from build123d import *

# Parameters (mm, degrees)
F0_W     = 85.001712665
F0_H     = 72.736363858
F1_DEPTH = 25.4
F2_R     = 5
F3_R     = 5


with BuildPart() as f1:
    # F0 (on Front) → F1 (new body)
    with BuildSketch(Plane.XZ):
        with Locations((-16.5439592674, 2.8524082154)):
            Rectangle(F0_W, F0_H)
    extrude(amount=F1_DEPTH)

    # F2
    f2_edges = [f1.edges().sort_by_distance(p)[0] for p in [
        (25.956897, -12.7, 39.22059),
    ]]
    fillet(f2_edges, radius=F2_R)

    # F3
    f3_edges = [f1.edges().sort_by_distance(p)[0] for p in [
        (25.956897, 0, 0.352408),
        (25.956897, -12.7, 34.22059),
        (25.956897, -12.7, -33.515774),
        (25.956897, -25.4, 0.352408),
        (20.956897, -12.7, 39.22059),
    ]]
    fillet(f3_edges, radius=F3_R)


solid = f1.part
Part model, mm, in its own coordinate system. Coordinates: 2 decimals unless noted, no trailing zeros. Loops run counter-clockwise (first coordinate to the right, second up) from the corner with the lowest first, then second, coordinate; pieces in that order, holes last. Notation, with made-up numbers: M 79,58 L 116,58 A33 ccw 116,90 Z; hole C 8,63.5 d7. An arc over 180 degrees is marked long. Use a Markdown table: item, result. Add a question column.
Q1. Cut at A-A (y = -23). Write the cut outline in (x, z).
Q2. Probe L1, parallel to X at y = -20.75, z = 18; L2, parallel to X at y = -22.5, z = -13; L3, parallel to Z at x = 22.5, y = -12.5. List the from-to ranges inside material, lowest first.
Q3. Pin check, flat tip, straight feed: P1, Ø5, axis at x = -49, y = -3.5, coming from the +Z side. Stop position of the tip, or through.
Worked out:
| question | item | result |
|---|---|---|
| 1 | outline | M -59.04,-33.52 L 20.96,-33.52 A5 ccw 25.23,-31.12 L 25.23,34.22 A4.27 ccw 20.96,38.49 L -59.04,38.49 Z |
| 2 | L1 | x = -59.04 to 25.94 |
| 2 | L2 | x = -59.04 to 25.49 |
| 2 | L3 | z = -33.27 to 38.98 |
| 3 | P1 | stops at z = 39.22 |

++++++

**EXERCISE**
Reproduce the records above exactly, from the first line to the line that holds "f2_edges = [f1.edges().sort_by_distance(p)[0]", inclusive, and omit everything after it.

**EXERCISE SOLUTION**
from build123d import *

# Parameters (mm, degrees)
F0_W     = 85.001712665
F0_H     = 72.736363858
F1_DEPTH = 25.4
F2_R     = 5
F3_R     = 5


with BuildPart() as f1:
    # F0 (on Front) → F1 (new body)
    with BuildSketch(Plane.XZ):
        with Locations((-16.5439592674, 2.8524082154)):
            Rectangle(F0_W, F0_H)
    extrude(amount=F1_DEPTH)

    # F2
    f2_edges = [f1.edges().sort_by_distance(p)[0] for p in [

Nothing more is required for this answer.